What the exercise asks
Could you find every line in the entries below that holds the word "this" and copy it?
--------------------
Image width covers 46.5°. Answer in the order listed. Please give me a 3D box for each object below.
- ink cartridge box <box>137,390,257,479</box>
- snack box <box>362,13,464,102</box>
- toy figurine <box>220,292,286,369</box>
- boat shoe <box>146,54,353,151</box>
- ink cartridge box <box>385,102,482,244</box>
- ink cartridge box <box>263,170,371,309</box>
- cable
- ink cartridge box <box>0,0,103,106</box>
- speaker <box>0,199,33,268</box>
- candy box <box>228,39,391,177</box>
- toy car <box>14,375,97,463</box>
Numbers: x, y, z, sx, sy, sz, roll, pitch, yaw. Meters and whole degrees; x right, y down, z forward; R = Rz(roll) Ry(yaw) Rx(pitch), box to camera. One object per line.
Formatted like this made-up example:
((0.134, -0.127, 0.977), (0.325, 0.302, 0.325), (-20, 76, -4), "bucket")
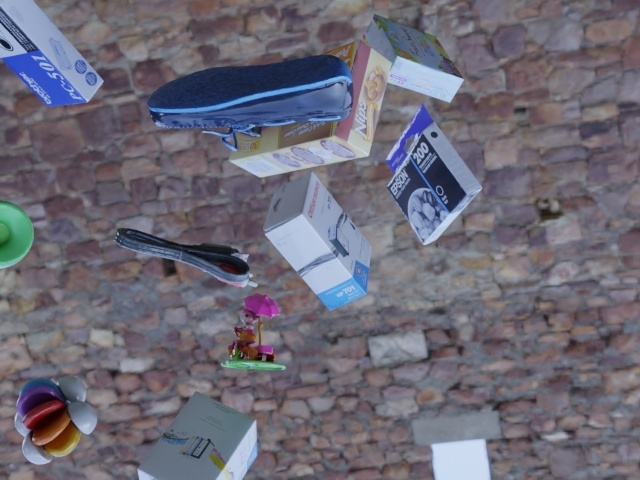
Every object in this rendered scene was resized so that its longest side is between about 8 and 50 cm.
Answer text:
--------------------
Exercise answer
Formatted like this made-up example:
Every object in this rendered scene was resized so that its longest side is between about 8 and 50 cm.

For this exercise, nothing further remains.